In the current paper, we investigate the shear rheology of one such functionalised dipeptide solution (“2NapFF”), which we have previously shown exhibits strong extensional viscosity effects with particular attention placed on steady shear flow and the normal-stress differences developed under flow.

Working fluids

The sample preparation and chemical characterisation of the so-called 2NapFF functionalised dipeptide solutions used in the current study were previously reported in Draper et al. (2017a, b). 2NapFF consists of two amino acids connected by a peptide bond which are functionalised at the N-terminus by two naphthalene aromatic groups. 2NapFF solutions form low-molecular–weight hydrogels (LMWGs) when the pH is decreased. In the “precursor” phase (i.e. prior to gelation caused by pH decrease), 2NapFF self-assembles and forms wormlike micellar structures (Chen et al. 2010; Draper et al. 2020). Here, we study a single concentration of 10 mg mL−1 in aqueous solution. Controlling the sample preparation methodology is critical for ensuring reproducibility. To prepare the working fluids, the terminal carboxylic acid was deprotonated using caesium hydroxide (CsOH). The salt addition deprotonates the carboxylic acid, resulting in a surfactant-like structure and exhibiting very “stringy” behaviour which was found to correlate with relaxation times on the order of 1 s using capillary breakup extensional rheometry (CaBER) (Draper et al. 2017a, b). To prepare the solutions, 1 molar equivalent of caesium hydroxide was added using a 0.1 M solution with respect to 2NapFF and then deionised water added to make up the final volume to give a concentration of 2NapFF of 10 mg mL−1. Seventeen millilitres of the 2NapFF solution was prepared in 50-mL Falcon tubes, stirred with a 25 × 8-mm stirrer bar and wrapped in Parafilm. The sample was stirred at 1000 rpm for 7 days and then left to stand before measurement. All solutions were formed at room temperature (normally between 22 and 25 °C).

Experimental methods

We characterised the rheology of our functionalised dipeptide solution in small amplitude oscillatory shear (SAOS) and steady shear using both cone-and-plate and parallel-plate devices to allow us to obtain both the first and second normal-stress differences.

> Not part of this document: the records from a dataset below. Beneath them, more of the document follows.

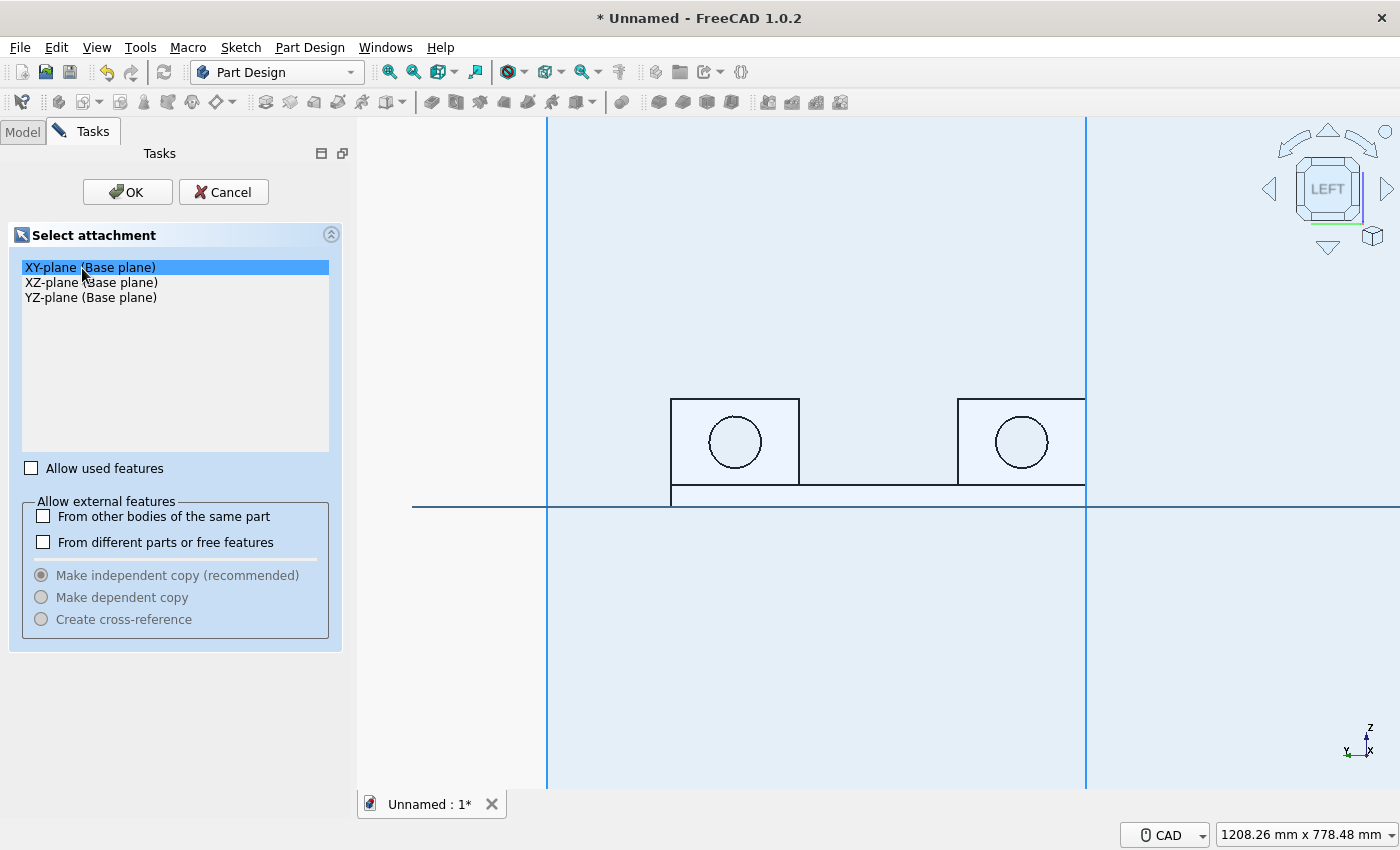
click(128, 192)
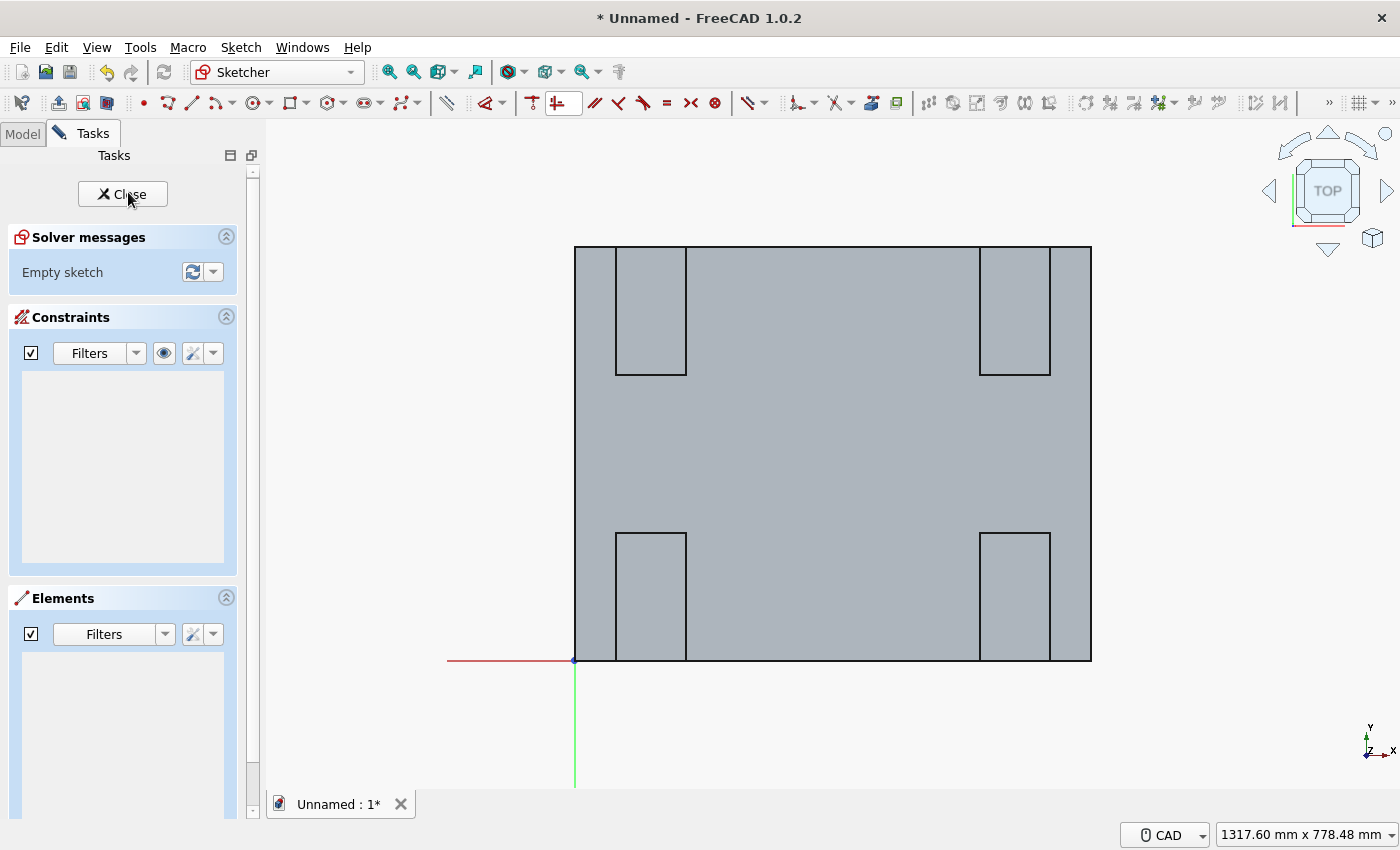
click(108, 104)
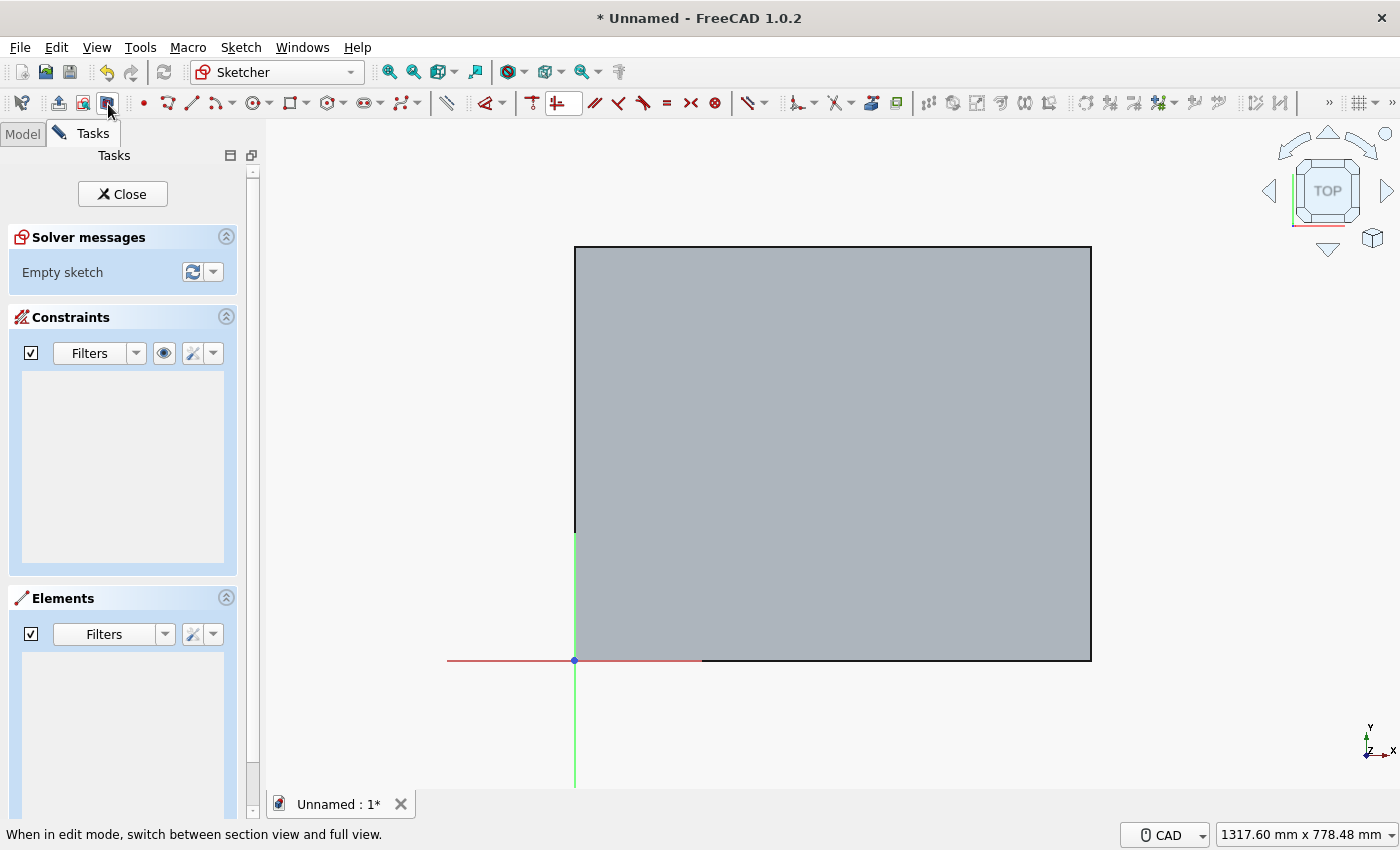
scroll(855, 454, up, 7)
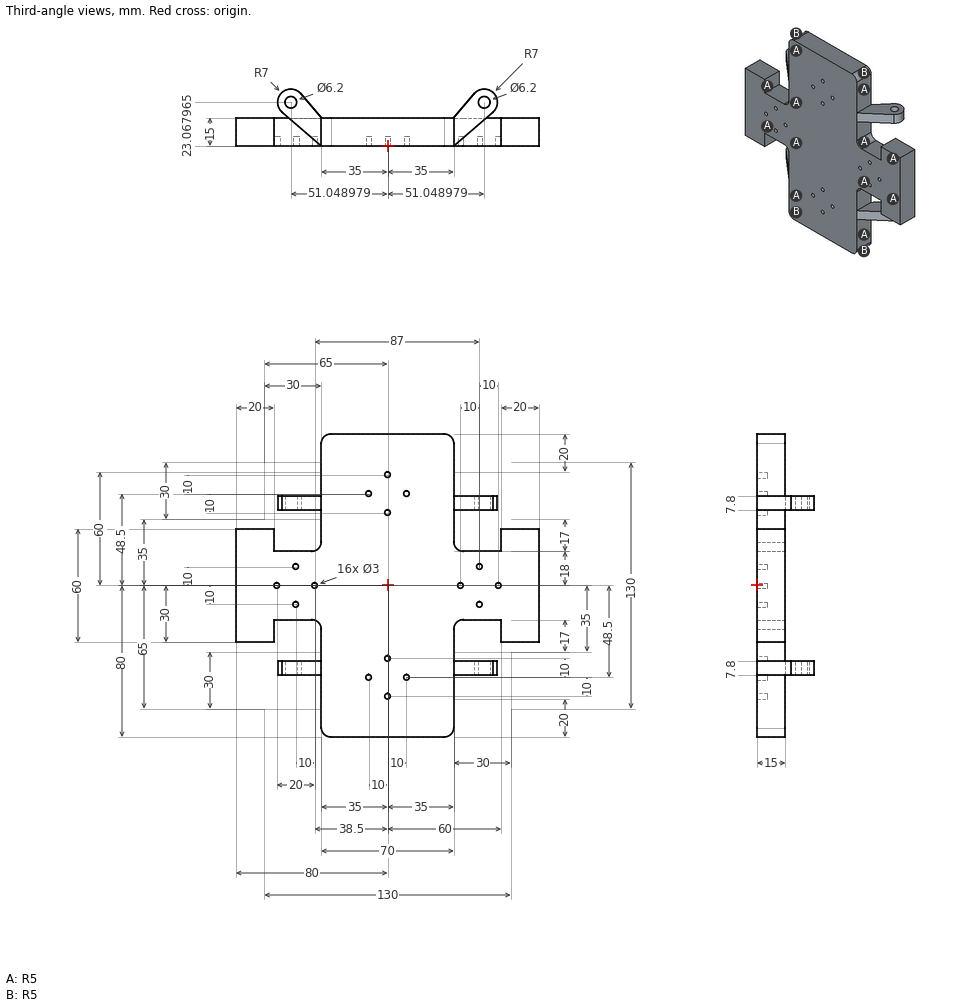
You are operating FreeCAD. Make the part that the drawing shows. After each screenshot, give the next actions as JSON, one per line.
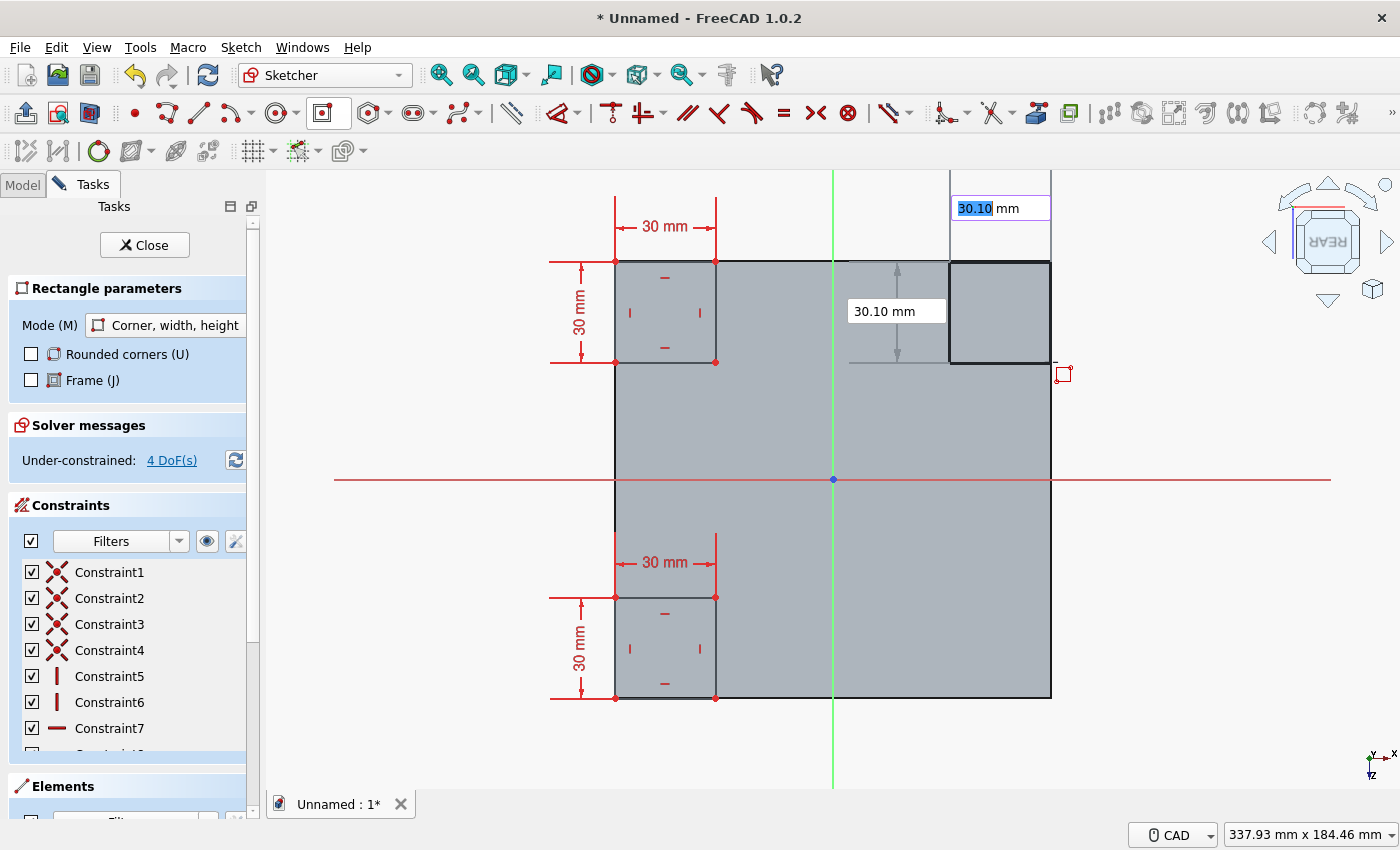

Small amplitude oscillatory shear (SAOS) measurements were performed using a TA instruments AR 1000 N controlled-stress rheometer. To minimise inertial effects, a light-weight 6-cm-diameter 2° acrylic cone was used at an operating temperature 20 °C, which was controlled by a Peltier plate with precision within ± 0.1 °C, and, to prevent evaporation, a solvent trap was employed. A stress sweep was performed at a frequency of 1 rad/s to determine the linear viscoelastic (LVE) regime for oscillation stresses ranging from 0.01 to 20 Pa. The oscillation stress chosen in the LVE range to perform the frequency sweep tests was 0.1 Pa over three decades of frequency from 0.01 to 10 rad/s.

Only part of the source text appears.